ISSN: 2155-6148
ヤド・ボウ・モンセフとフリードリヒ・ベットナー
背景:脊髄麻酔または硬膜外麻酔下での意図的な低血圧は、人工股関節全置換術における術中出血量を減らすのに容易に利用できる効果的な方法です。しかし、誘発性低血圧は晶質液の生理的作用を変化させ、血圧低下に比例して血液量を増加させることがわかっています。この研究の目的は、低血圧麻酔と体積負荷による血液希釈が術後ヘモグロビン濃度に及ぼす影響を調査することです。
方法:低血圧脊髄硬膜外麻酔による最小侵襲後方アプローチを用いた初回人工股関節全置換術を受けた 211 人の非貧血成人患者を後ろ向きに評価した。低血圧麻酔下での輸液負荷の影響を、患者の術前および術後のヘモグロビン値に対応する出血量を計算するとともに、既知の出血量に対して予想されるヘモグロビン値を計算することよって調査した。
結果:計算された出血量 (1358 mL) と実際の測定された出血量 (212 mL) の間には大きな相違がありました。
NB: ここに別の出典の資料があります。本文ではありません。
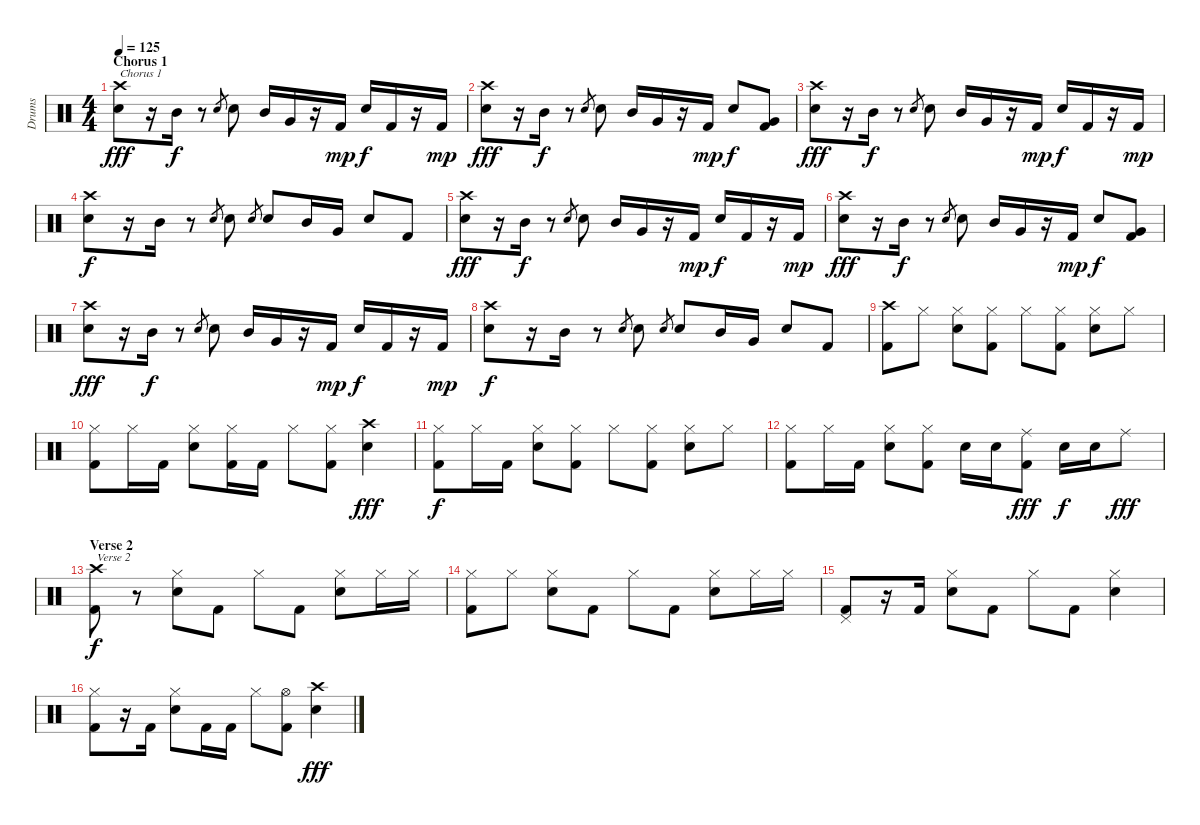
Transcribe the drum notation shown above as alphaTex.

\track ("Drums" "Drums") {instrument percussion}
\staff {score}
\articulation defaults
\ts (4 4)
\section ("" "Chorus 1")
\tempo 125
\clef neutral
\ks c
("Crash high (hit)" "Electric Snare (hit)").8{txt "Chorus 1" dy fff} r.16 "Mid Tom (hit)".16{dy f} r.8 "Electric Snare (hit)".8{gr} "Electric Snare (hit)".8 "Mid Tom (hit)".16 "Very Low Tom (hit)".16 r.16 "Kick (hit) 2".16{dy mp} "Electric Snare (hit)".16{dy f} "Kick (hit) 2".16 r.16 "Kick (hit) 2".16{dy mp} |
("Crash high (hit)" "Electric Snare (hit)").8{dy fff} r.16 "Mid Tom (hit)".16{dy f} r.8 "Electric Snare (hit)".8{gr} "Electric Snare (hit)".8 "Mid Tom (hit)".16 "Very Low Tom (hit)".16 r.16 "Kick (hit) 2".16{dy mp} "Electric Snare (hit)".8{dy f} ("Very Low Tom (hit)" "Kick (hit) 2").8 |
("Crash high (hit)" "Electric Snare (hit)").8{dy fff} r.16 "Mid Tom (hit)".16{dy f} r.8 "Electric Snare (hit)".8{gr} "Electric Snare (hit)".8 "Mid Tom (hit)".16 "Very Low Tom (hit)".16 r.16 "Kick (hit) 2".16{dy mp} "Electric Snare (hit)".16{dy f} "Kick (hit) 2".16 r.16 "Kick (hit) 2".16{dy mp} |
("Crash high (hit)" "Electric Snare (hit)").8{dy f} r.16 "Mid Tom (hit)".16 r.8 "Electric Snare (hit)".8{gr} "Electric Snare (hit)".8 "Electric Snare (hit)".8{gr} "Electric Snare (hit)".8 "Mid Tom (hit)".16 "Very Low Tom (hit)".16 "Electric Snare (hit)".8 "Kick (hit) 2".8 |
("Crash high (hit)" "Electric Snare (hit)").8{dy fff} r.16 "Mid Tom (hit)".16{dy f} r.8 "Electric Snare (hit)".8{gr} "Electric Snare (hit)".8 "Mid Tom (hit)".16 "Very Low Tom (hit)".16 r.16 "Kick (hit) 2".16{dy mp} "Electric Snare (hit)".16{dy f} "Kick (hit) 2".16 r.16 "Kick (hit) 2".16{dy mp} |
("Crash high (hit)" "Electric Snare (hit)").8{dy fff} r.16 "Mid Tom (hit)".16{dy f} r.8 "Electric Snare (hit)".8{gr} "Electric Snare (hit)".8 "Mid Tom (hit)".16 "Very Low Tom (hit)".16 r.16 "Kick (hit) 2".16{dy mp} "Electric Snare (hit)".8{dy f} ("Very Low Tom (hit)" "Kick (hit) 2").8 |
("Crash high (hit)" "Electric Snare (hit)").8{dy fff} r.16 "Mid Tom (hit)".16{dy f} r.8 "Electric Snare (hit)".8{gr} "Electric Snare (hit)".8 "Mid Tom (hit)".16 "Very Low Tom (hit)".16 r.16 "Kick (hit) 2".16{dy mp} "Electric Snare (hit)".16{dy f} "Kick (hit) 2".16 r.16 "Kick (hit) 2".16{dy mp} |
("Crash high (hit)" "Electric Snare (hit)").8{dy f} r.16 "Mid Tom (hit)".16 r.8 "Electric Snare (hit)".8{gr} "Electric Snare (hit)".8 "Electric Snare (hit)".8{gr} "Electric Snare (hit)".8 "Mid Tom (hit)".16 "Very Low Tom (hit)".16 "Electric Snare (hit)".8 "Kick (hit) 2".8 |
("Crash high (hit)" "Kick (hit) 2").8 "Hi-Hat (closed)".8 ("Hi-Hat (closed)" "Electric Snare (hit)").8 ("Hi-Hat (closed)" "Kick (hit) 2").8 "Hi-Hat (closed)".8 ("Hi-Hat (closed)" "Kick (hit) 2").8 ("Hi-Hat (closed)" "Electric Snare (hit)").8 "Hi-Hat (closed)".8 |
("Hi-Hat (closed)" "Kick (hit) 2").8 "Hi-Hat (closed)".16 "Kick (hit) 2".16 ("Hi-Hat (closed)" "Electric Snare (hit)").8 ("Hi-Hat (closed)" "Kick (hit) 2").16 "Kick (hit) 2".16 "Hi-Hat (closed)".8 ("Hi-Hat (closed)" "Kick (hit) 2").8 ("Crash high (hit)" "Electric Snare (hit)").4{dy fff} |
("Hi-Hat (closed)" "Kick (hit) 2").8{dy f} "Hi-Hat (closed)".16 "Kick (hit) 2".16 ("Hi-Hat (closed)" "Electric Snare (hit)").8 ("Hi-Hat (closed)" "Kick (hit) 2").8 "Hi-Hat (closed)".8 ("Hi-Hat (closed)" "Kick (hit) 2").8 ("Hi-Hat (closed)" "Electric Snare (hit)").8 "Hi-Hat (closed)".8 |
("Hi-Hat (closed)" "Kick (hit) 2").8 "Hi-Hat (closed)".16 "Kick (hit) 2".16 ("Hi-Hat (closed)" "Electric Snare (hit)").8 ("Hi-Hat (closed)" "Kick (hit) 2").8 "Electric Snare (hit)".16 "Electric Snare (hit)".16 ("Ride (middle)" "Kick (hit) 2").8{dy fff} "Electric Snare (hit)".16{dy f} "Electric Snare (hit)".16 "Ride (middle)".8{dy fff} |
\section ("" "Verse 2")
("Crash high (hit)" "Kick (hit) 2").8{txt "Verse 2" dy f} r.8 ("Hi-Hat (closed)" "Electric Snare (hit)").8 "Kick (hit) 2".8 "Hi-Hat (closed)".8 "Kick (hit) 2".8 ("Hi-Hat (closed)" "Electric Snare (hit)").8 "Hi-Hat (closed)".16 "Hi-Hat (closed)".16 |
("Hi-Hat (closed)" "Kick (hit) 2").8 "Hi-Hat (closed)".8 ("Hi-Hat (closed)" "Electric Snare (hit)").8 "Kick (hit) 2".8 "Hi-Hat (closed)".8 "Kick (hit) 2".8 ("Hi-Hat (closed)" "Electric Snare (hit)").8 "Hi-Hat (closed)".16 "Hi-Hat (closed)".16 |
("Pedal Hi-Hat (hit)" "Kick (hit) 2").8 r.16 "Kick (hit) 2".16 ("Hi-Hat (closed)" "Electric Snare (hit)").8 "Kick (hit) 2".8 "Hi-Hat (closed)".8 "Kick (hit) 2".8 ("Hi-Hat (closed)" "Electric Snare (hit)").4 |
("Hi-Hat (closed)" "Kick (hit) 2").8 r.16 "Kick (hit) 2".16 ("Hi-Hat (closed)" "Electric Snare (hit)").8 "Kick (hit) 2".16 "Kick (hit) 2".16 "Hi-Hat (closed)".8 ("Hi-Hat (open)" "Kick (hit) 2").8 ("Crash high (hit)" "Electric Snare (hit)").4{dy fff}
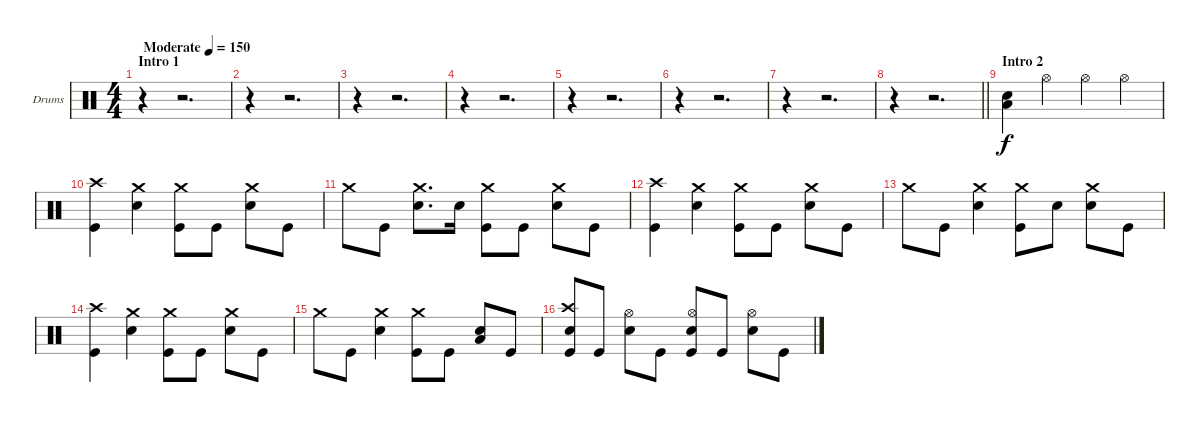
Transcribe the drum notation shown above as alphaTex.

\bracketExtendMode groupsimilarinstruments
\firstSystemTrackNameOrientation horizontal
\otherSystemsTrackNameOrientation horizontal
\track ("Drumkit" "Drums") {instrument percussion}
\staff {score}
\articulation defaults
\ts (4 4)
\beaming (8 2 2 2 2)
\section ("" "Intro 1")
\tempo (150 "Moderate")
\clef neutral
\ks c
r.4{dy f} r.2{d} |
r.4 r.2{d} |
r.4 r.2{d} |
r.4 r.2{d} |
r.4 r.2{d} |
r.4 r.2{d} |
r.4 r.2{d} |
\barLineRight lightlight
r.4 r.2{d} |
\section ("" "Intro 2")
("Low Tom (hit)" "Snare (hit) 2").4 "Hi-Hat (open)".4 "Hi-Hat (open)".4 "Hi-Hat (open)".4 |
("Crash high (hit)" "Kick (hit)").4 ("Crash medium (hit)" "Snare (hit) 2").4 ("Crash medium (hit)" "Kick (hit)").8 "Kick (hit)".8 ("Crash medium (hit)" "Snare (hit) 2").8 "Kick (hit)".8 |
"Crash medium (hit)".8 "Kick (hit)".8 ("Crash medium (hit)" "Snare (hit) 2").8{d} "Snare (hit) 2".16 ("Crash medium (hit)" "Kick (hit)").8 "Kick (hit)".8 ("Crash medium (hit)" "Snare (hit) 2").8 "Kick (hit)".8 |
("Crash high (hit)" "Kick (hit)").4 ("Crash medium (hit)" "Snare (hit) 2").4 ("Crash medium (hit)" "Kick (hit)").8 "Kick (hit)".8 ("Crash medium (hit)" "Snare (hit) 2").8 "Kick (hit)".8 |
"Crash medium (hit)".8 "Kick (hit)".8 ("Crash medium (hit)" "Snare (hit) 2").4 ("Crash medium (hit)" "Kick (hit)").8 "Snare (hit) 2".8 ("Crash medium (hit)" "Snare (hit) 2").8 "Kick (hit)".8 |
("Crash high (hit)" "Kick (hit)").4 ("Crash medium (hit)" "Snare (hit) 2").4 ("Crash medium (hit)" "Kick (hit)").8 "Kick (hit)".8 ("Crash medium (hit)" "Snare (hit) 2").8 "Kick (hit)".8 |
"Crash medium (hit)".8 "Kick (hit)".8 ("Crash medium (hit)" "Snare (hit) 2").4 ("Crash medium (hit)" "Kick (hit)").8 "Kick (hit)".8 ("Snare (hit) 2" "Low Tom (hit)").8 "Kick (hit)".8 |
("Crash high (hit)" "Snare (hit) 2" "Kick (hit)").8 "Kick (hit)".8 ("Hi-Hat (open)" "Snare (hit) 2").8 "Kick (hit)".8 ("Hi-Hat (open)" "Snare (hit) 2" "Kick (hit)").8 "Kick (hit)".8 ("Hi-Hat (open)" "Snare (hit) 2").8 "Kick (hit)".8
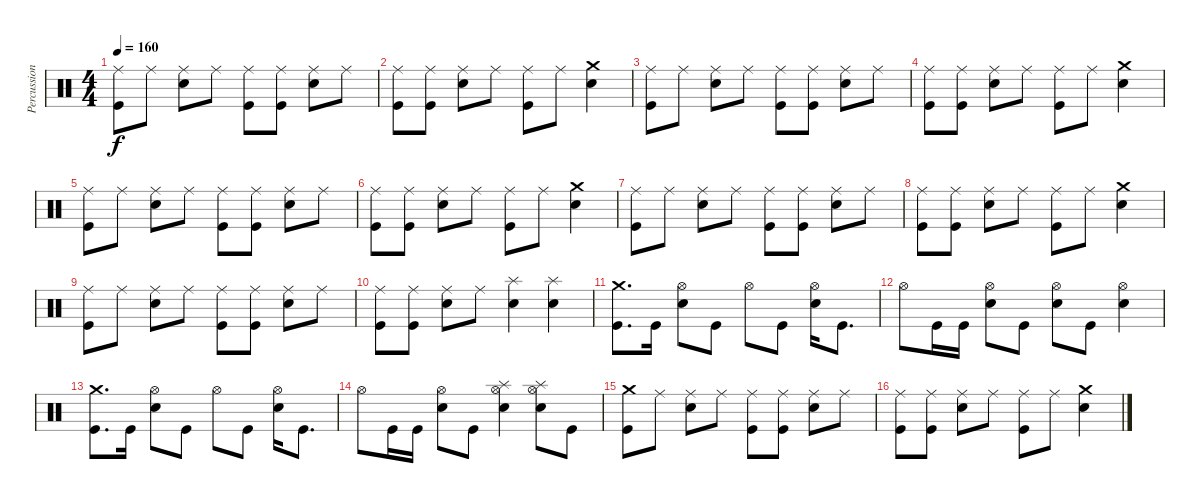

患者は手術後 24 時間以内に平均 4488 (SD 1209) mL の静脈内輸液を投与されました。また、測定された出血量に基づいて計算されたヘモグロビン値 (13.6 g/dL) と実際の測定された平均ヘモグロビン値 (10.8 g/dL) の間にも大きな差がありました。
結論:低血圧硬膜外麻酔による血液量増加と血液希釈は、術後早期のヘモグロビン濃度の低下を招き、輸血の必要性に影響を与える可能性があります。低血圧麻酔は、出血量が比較的少ない手術では輸血の必要性に悪影響を及ぼす可能性があります。